Wann immer Lua in den letzten Tagen geschlafen hatte, hatte ich deshalb mit Sam und Kieron diskutiert. Wir überlegten, ob wir Lucifer einweihen sollten. Inzwischen waren wir alle an einem Punkt, an dem wir uns eingestehen mussten, dass wir Hilfe brauchten. Lua wollte ich vorerst nicht mit dem Thema belasten. Die Aussicht, meinen Vater zu treffen würde vermutlich nicht unbedingt zu ihrer Erholung beitragen, geschweige denn die Frage, wie wir sie nach ihrer Verwandlung weiter beschützen konnten.
Wir drei waren uns sicher, dass Lucifer uns helfen würde. Er wollte um jeden Preis die Portale offen halten, und dafür mussten Lua und ich am Leben bleiben. Mein Leben und die Portale waren ihm wichtig, wie es mit Luas Leben aussah, wusste hingegen niemand.
Würde er eine Anam Ban zum Töten freigeben, so wie es in der Vergangenheit üblich gewesen war? Würde er sich ihrem Tod sogar persönlich annehmen und meinen und Kierons damit ebenfalls in Kauf nehmen? Oder würde er sie akzeptieren und endlich einen neuen Weg einschlagen?

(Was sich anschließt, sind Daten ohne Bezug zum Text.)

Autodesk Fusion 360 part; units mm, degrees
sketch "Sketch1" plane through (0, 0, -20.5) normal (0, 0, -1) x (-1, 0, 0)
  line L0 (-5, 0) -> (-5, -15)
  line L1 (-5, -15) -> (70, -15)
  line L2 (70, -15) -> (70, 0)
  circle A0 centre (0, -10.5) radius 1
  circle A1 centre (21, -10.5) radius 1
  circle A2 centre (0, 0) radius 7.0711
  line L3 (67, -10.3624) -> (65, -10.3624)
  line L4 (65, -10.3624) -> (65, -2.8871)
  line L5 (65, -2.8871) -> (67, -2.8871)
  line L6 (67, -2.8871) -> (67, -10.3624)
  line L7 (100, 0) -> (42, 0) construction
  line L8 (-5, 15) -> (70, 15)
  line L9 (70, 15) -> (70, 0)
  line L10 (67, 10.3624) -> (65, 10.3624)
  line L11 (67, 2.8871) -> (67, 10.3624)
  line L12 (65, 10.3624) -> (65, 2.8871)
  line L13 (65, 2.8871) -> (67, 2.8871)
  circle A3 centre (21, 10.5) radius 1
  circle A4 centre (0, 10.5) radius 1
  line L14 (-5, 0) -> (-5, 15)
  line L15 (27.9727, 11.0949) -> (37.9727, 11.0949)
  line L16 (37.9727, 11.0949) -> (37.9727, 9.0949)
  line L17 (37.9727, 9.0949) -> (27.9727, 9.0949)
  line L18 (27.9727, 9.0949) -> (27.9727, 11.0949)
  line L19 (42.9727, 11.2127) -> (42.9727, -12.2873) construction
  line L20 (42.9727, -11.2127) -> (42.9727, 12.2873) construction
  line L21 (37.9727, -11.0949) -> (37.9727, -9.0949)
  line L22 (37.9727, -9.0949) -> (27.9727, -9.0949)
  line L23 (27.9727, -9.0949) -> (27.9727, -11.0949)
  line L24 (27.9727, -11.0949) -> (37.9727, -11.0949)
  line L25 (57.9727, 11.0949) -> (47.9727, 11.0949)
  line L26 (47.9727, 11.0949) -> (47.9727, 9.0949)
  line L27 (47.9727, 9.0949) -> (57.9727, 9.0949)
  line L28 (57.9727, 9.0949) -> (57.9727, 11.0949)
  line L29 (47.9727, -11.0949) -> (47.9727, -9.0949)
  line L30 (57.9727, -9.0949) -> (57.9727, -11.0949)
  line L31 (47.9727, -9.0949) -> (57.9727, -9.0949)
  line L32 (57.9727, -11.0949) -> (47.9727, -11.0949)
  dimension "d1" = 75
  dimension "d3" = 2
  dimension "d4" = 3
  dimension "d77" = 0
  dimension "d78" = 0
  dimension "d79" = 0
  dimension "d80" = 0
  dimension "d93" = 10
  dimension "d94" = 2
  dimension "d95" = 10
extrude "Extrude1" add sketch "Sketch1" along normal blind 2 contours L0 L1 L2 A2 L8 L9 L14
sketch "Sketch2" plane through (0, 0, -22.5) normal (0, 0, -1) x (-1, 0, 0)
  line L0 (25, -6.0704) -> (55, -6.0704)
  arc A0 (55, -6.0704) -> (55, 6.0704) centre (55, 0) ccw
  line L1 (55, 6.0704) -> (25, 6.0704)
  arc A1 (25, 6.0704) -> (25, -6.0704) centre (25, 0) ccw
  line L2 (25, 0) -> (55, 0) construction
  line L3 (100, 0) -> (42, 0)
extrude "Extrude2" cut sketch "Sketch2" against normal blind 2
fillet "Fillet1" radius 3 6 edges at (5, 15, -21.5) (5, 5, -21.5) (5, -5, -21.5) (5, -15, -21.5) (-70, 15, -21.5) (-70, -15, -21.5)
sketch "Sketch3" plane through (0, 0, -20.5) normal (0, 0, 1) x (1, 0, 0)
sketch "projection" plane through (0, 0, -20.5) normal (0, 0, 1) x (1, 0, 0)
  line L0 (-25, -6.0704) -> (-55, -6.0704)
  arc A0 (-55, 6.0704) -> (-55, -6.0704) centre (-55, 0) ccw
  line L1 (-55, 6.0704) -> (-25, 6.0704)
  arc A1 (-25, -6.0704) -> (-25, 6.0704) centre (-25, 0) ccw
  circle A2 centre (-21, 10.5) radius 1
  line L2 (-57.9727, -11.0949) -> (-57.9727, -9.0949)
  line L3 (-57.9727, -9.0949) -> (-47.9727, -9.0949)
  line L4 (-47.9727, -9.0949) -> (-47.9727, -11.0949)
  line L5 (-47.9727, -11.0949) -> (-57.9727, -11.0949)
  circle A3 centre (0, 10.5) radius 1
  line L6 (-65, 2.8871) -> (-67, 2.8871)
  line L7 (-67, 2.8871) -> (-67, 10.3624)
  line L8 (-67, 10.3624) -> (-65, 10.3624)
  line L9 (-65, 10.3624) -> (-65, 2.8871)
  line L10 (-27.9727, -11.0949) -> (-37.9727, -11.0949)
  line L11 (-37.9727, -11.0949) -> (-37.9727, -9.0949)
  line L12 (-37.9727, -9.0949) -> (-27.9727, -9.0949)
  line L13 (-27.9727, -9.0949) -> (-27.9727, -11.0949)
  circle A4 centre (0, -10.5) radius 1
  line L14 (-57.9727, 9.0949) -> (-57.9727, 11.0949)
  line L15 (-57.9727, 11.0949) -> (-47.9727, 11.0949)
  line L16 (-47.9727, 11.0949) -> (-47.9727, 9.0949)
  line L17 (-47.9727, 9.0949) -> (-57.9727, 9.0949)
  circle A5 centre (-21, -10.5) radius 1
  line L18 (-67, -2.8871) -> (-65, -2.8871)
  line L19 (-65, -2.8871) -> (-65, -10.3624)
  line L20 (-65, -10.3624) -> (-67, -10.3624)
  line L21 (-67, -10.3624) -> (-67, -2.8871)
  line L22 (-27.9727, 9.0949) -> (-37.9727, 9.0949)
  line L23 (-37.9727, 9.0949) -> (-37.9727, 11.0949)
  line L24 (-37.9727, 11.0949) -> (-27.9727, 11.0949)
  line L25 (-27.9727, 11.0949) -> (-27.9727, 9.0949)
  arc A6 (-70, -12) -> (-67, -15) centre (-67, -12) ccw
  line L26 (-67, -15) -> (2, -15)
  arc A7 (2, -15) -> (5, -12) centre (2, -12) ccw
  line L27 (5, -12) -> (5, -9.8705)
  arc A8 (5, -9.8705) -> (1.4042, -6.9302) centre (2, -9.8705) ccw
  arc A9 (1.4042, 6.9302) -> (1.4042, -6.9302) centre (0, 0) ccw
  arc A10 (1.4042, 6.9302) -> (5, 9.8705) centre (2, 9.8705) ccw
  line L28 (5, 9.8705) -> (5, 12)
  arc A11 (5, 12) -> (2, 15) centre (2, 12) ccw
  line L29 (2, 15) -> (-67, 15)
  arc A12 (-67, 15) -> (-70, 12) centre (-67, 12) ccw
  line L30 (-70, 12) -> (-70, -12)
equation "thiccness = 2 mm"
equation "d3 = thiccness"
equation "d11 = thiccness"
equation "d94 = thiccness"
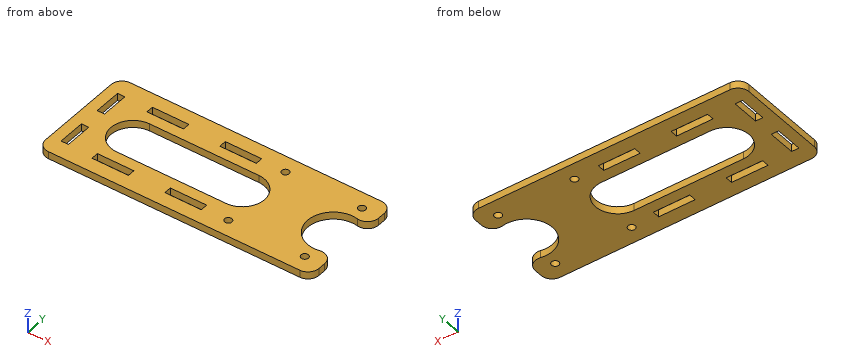
The listing builds one solid part. Answer for the finished solid, in the listing's coordinates (mm). Coordinates: 2 decimals unless noted, no trailing zeros. Loops run counter-clockwise (first coordinate to the right, second up) from the corner with the lowest first, then second, coordinate; pieces in that order, holes last. Notation, with made-up numbers: (26.25, 76) -> (48.25, 76) arc R29 ccw to (48.25, 113) -> close; hole circle Ø2 at (14, 37.5). An arc over 180 degrees is marked (long way). Write item = value, one per line. Start each with the question number.
1) A cutting plane is placed at A-A (y = 0). Give the vertices of the cut face in (x, z), then the cut area to 3 significant figures.
2) Given pin 1 Ø1 at (y, z) = (-8, -21.5) entering from +X; pin 2 Ø1.6 at (x, y) = (0, -10.5) entering from +Z, each flat-ended and moving along its own axis, determine where each tip first touches the part or whether it passes through.
3) A cutting plane is placed at B-B (x = -57). Give the vertices of the cut face in (y, z), then the cut area to 3 significant figures.
4) A cutting plane is placed at D-D (z = -21.65). Count the separate pieces of the cut face and the enclosed holes in it, then the cut area to 3 significant figures.
5) A cutting plane is placed at C-C (x = 0). Give the vertices of the cut face in (y, z).
6) Straight lines are drawn through the part: line 1 (Y direction, x = 2, z = -21.65); line 2 (X direction, y = 0, z = -21.7); line 3 (Y direction, x = -24.5, z = -22.1). For each, find the intervals that lie inside material, in ascending order. Write a range as from..to.
Responses:
q1.outline = (-70, -22.5) -> (-61.07, -22.5) -> (-61.07, -20.5) -> (-70, -20.5) -> close; (-18.93, -22.5) -> (-7.07, -22.5) -> (-7.07, -20.5) -> (-18.93, -20.5) -> close
q1.area = 41.6 mm²
q2.pin_1 = 4.67
q2.pin_2 = through
q3.outline = (-15, -22.5) -> (-11.09, -22.5) -> (-11.09, -20.5) -> (-15, -20.5) -> close; (-9.09, -22.5) -> (-5.73, -22.5) -> (-5.73, -20.5) -> (-9.09, -20.5) -> close; (5.73, -22.5) -> (9.09, -22.5) -> (9.09, -20.5) -> (5.73, -20.5) -> close; (11.09, -22.5) -> (15, -22.5) -> (15, -20.5) -> (11.09, -20.5) -> close
q3.area = 29.1 mm²
q4.separate_pieces = 1
q4.enclosed_holes = 11
q4.area = 1,490 mm²
q5.outline = (-15, -22.5) -> (-11.5, -22.5) -> (-11.5, -20.5) -> (-15, -20.5) -> close; (-9.5, -22.5) -> (-7.07, -22.5) -> (-7.07, -20.5) -> (-9.5, -20.5) -> close; (7.07, -22.5) -> (9.5, -22.5) -> (9.5, -20.5) -> (7.07, -20.5) -> close; (11.5, -22.5) -> (15, -22.5) -> (15, -20.5) -> (11.5, -20.5) -> close
q6.line_1 = -15..-6.87, 6.87..15
q6.line_2 = -70..-61.07, -18.93..-7.07
q6.line_3 = -15..-6.05, 6.05..15

Die Anam Ban waren nicht böse und zumindest das kleine Exemplar hier bei mir auch nicht machthungrig. Ich war mir sicher, dass sich das auch nach ihrer Verwandlung nicht ändern würde. Es gab nicht den geringsten Grund, sie zu vernichten.

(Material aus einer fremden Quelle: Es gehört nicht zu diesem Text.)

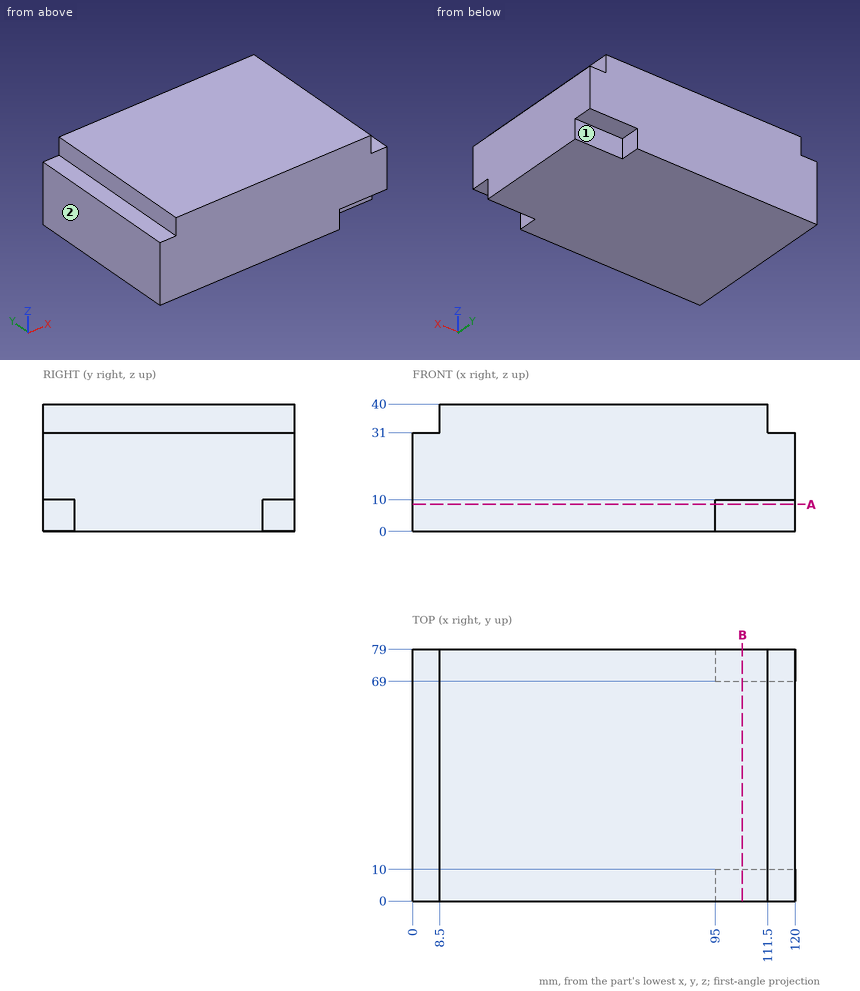
Geometry check sheet. Reference: drawing and pictorial views, mm from the part's lowest x, y, z. A direction names the side the tool comes from. Round coordinates to 2 decimals unless told otherwise and drop trailing zeros. Loops run counter-clockwise (first coordinate to the right, second up) from the corner with the lowest first, then second, coordinate; pieces in that order, holes last. Notation, with made-up numbers: (78, 50.5) -> (98, 50.5) arc R13 cw to (98, 64.5) -> close; hole circle Ø8 at (75.5, 24). An arc over 180 degrees is marked (long way). Use a Markdown table: item, result.
(1) Set-up check for the marked faces 1 and 2: record each of +Z, -Z, +X, -X, +Y, -Y from which the full face is reachable in a straight line by a thin tool's end or side.
Calculated:
| item | result |
|---|---|
| face 1 | -Z, +X, +Y |
| face 2 | +Z, -Z, -X, +Y, -Y |
(2) Sectioned sample at B-B (x = 103.5). Enter the section's corners in (y, z).
Calculated:
| item | result |
|---|---|
| outline | (0, 10) -> (10, 10) -> (10, 0) -> (69, 0) -> (69, 10) -> (79, 10) -> (79, 40) -> (0, 40) -> close |
(3) Go/stop test with flat-tipped pins: P1, Ø5, axis at y = 5, z = 4.5, coming from the +X side; P2, Ø3, axis at x = 112, y = 6.5, coming from the -Z side; P3, Ø4.5, axis at y = 21.5, z = 34.5, coming from the +X side. Record where each tip stops, or that it passes through.
Calculated:
| item | result |
|---|---|
| P1 | x = 95 |
| P2 | z = 10 |
| P3 | x = 111.5 |
(4) Sectioned sample at A-A (z = 8.5). Enter the section's corners in (x, y).
Calculated:
| item | result |
|---|---|
| outline | (0, 0) -> (95, 0) -> (95, 10) -> (120, 10) -> (120, 69) -> (95, 69) -> (95, 79) -> (0, 79) -> close |
(5) Scan lines: probe 1 along X at (y, z) = (34.5, 38.5); probe 2 along X at (y, z) = (9, 8). Record each from-to range of solid material in increasing order.
Calculated:
| item | result |
|---|---|
| probe 1 | 8.5 to 111.5 |
| probe 2 | 0 to 95 |
CAD build for the part. Positions are in the model's coordinates, mm. A direction names the side the tool comes from. Give positions to 0.01 mm unless a question says otherwise; leave off trailing zeros. Loops run counter-clockwise (first coordinate to the right, second up) from the corner with the lowest first, then second, coordinate; pieces in that order, holes last.
```python
from build123d import *

# Parameters (mm, degrees)
F1_DEPTH = 2
F2_DEPTH = 14
F3_DEPTH = 4
F4_DEPTH = 14
F5_R     = 5


with BuildPart() as f1:
    # F0 (on Front) → F1 (new body)
    with BuildSketch(Plane.XZ):
        Polygon((26.906193, 0), (-25.108696, 0), (-25.108696, -13), (26.906193, -7.798511), align=None)
        Polygon((-25.108696, 10), (-25.108696, 0), (26.906193, 0), (26.906193, 4.798511), align=None)
    extrude(amount=F1_DEPTH)

    # F0 (on Front) → F2 (join)
    with BuildSketch(Plane.XZ):
        Polygon((26.906193, 4.798511), (26.906193, 0), (29.891304, 0), (29.891304, 15), (26.906193, 15), (26.906193, 7.798511), align=None)
    extrude(amount=F2_DEPTH)

    # F0 (on Front) → F3 (join)
    with BuildSketch(Plane.XZ):
        Polygon((-25.108696, 13), (-25.108696, 10), (26.906193, 4.798511), (26.906193, 7.798511), align=None)
    extrude(amount=F3_DEPTH)

    # F0 (on Front) → F4 (join)
    with BuildSketch(Plane.XZ):
        Polygon((29.891304, 0), (26.906193, 0), (26.906193, -7.798511), (26.906193, -15), (29.891304, -15), align=None)
    extrude(amount=F4_DEPTH)

    # F5
    f5_edges = [f1.edges().sort_by_distance(p)[0] for p in [
        (28.398748, -14, -15),
        (28.398748, -14, 15),
    ]]
    fillet(f5_edges, radius=F5_R)


solid = f1.part
```
1. Saw through at D-D, the plane y = -7.25. List the corners of the cut face in (x, z).
Responses:
outline: (26.91, -15) - (29.89, -15) - (29.89, 15) - (26.91, 15) - close
2. Saw through at C-C, the plane x = 18.5. List the corners of the cut face in (y, z), and give its area (3 significant figures).
Responses:
outline: (-4, 5.64) - (-2, 5.64) - (-2, -8.64) - (0, -8.64) - (0, 8.64) - (-4, 8.64) - close
area: 40.6 mm2
3. Drop flat-ended pins along their axis: pin 1 (10 mm diameter, centred on x = -6.5, z = -7, fed in from -Y); pin 2 (1 mm diameter, centred on y = -3, z = -12, fed in from -X); pin 3 (6.5 mm diameter, centred on x = -4.5, z = 8.5, fed in from -Y). Give the stop position or say it passes through.
Responses:
pin 1: stops at y = -2
pin 2: stops at x = 26.91
pin 3: stops at y = -4
4. Probe line 1 along Y through (x, z) = (8.5, 7.75); line 2 along Y through (x, z) = (6.5, 0.5); line 3 along X through (y, z) = (-6.25, 4.25). List the from-to ranges inside material, lowest first.
Responses:
line 1: y = -4 to 0
line 2: y = -2 to 0
line 3: x = 26.91 to 29.89
5. Saw through at B-B, the plane z = 7. List the corners of the cut face in (x, y).
Responses:
outline: (-25.11, -2) - (4.89, -2) - (4.89, -4) - (26.91, -4) - (26.91, -14) - (29.89, -14) - (29.89, 0) - (-25.11, 0) - close
6. Pull direction X, two halves, no side cores. Call faces 1 (the face through (0.535, -0.986, -10.436)), 2 (the face through (0.535, -2.986, 7.436)), 3 (the face through (1, -4, 9)): released by +X, released by -X, zero draft, split by the parting line, or undercut.
Responses:
face 1: undercut
face 2: released by -X
face 3: zero draft
7. Tool access for faces 4 (the face through (1.263, -1.972, 10.363)), 5 (the face through (-5, -2, -1)), 6 (the face through (28, -14, 0)): list every direction of +Z, -Z, +X, -X, +Y, -Y with a clear straight run to the whole face (end or side of a thin tool).
Responses:
face 4: +Z, +Y, -Y
face 5: -Z, -X, -Y
face 6: +Z, -Z, +X, -X, -Y
8. Saw through at A-A, the plane y = -2.75. List the corners of the cut face in (x, z), and give its area (3 significant figures).
Responses:
outline: (-25.11, 10) - (26.91, 4.8) - (26.91, -15) - (29.89, -15) - (29.89, 15) - (26.91, 15) - (26.91, 7.8) - (-25.11, 13) - close
area: 246 mm2

Wenn er von ihrem Wesen aber erst bei der Verwandlung erfahren würde, würde es für alle Parteien schwierig werden, auf die Schnelle richtige Entscheidungen zu treffen. Wäre er gegen sie, hätten wir wenig Möglichkeiten, ihm etwas entgegenzusetzen. Wäre er für sie, hätte er aus dem Stand Schwierigkeiten, die restliche Welt davon abzuhalten, sie zu töten. Es war also in jedem Fall besser, wenn er und wir vorbereitet waren. Und wenn wir ihn davon überzeugen konnten, ihre Existenz zu legitimieren.
Letztendlich hatte ich die Hoffnung, dass ihm mein Leben so viel Wert war, dass er sie leben lassen würde. Und ich wusste nicht wieso, aber ich hatte auch die Hoffnung, dass er sie mögen würde.
Nach mehreren Tagen waren wir uns einig. Es sprach alles dafür, meinen Vater mit an Bord zu haben. Kieron würde ihn besuchen und ihn bitten, uns zu treffen. Allerdings nicht hier.
Ich hasste es, Lua in ihrem geschwächten Zustand schon wieder eine Reise zuzumuten, aber auch darin waren zumindest Sam und ich uns einig: Ihre Erinnerungen an dieses Refugium führten nicht dazu, dass sie zur Ruhe kam und sich schnell erholte. Und es gab noch genau einen Ort auf dieser Welt, an den ich mit ihr gehen konnte, mit dem sie keine schrecklichen Erinnerungen verband.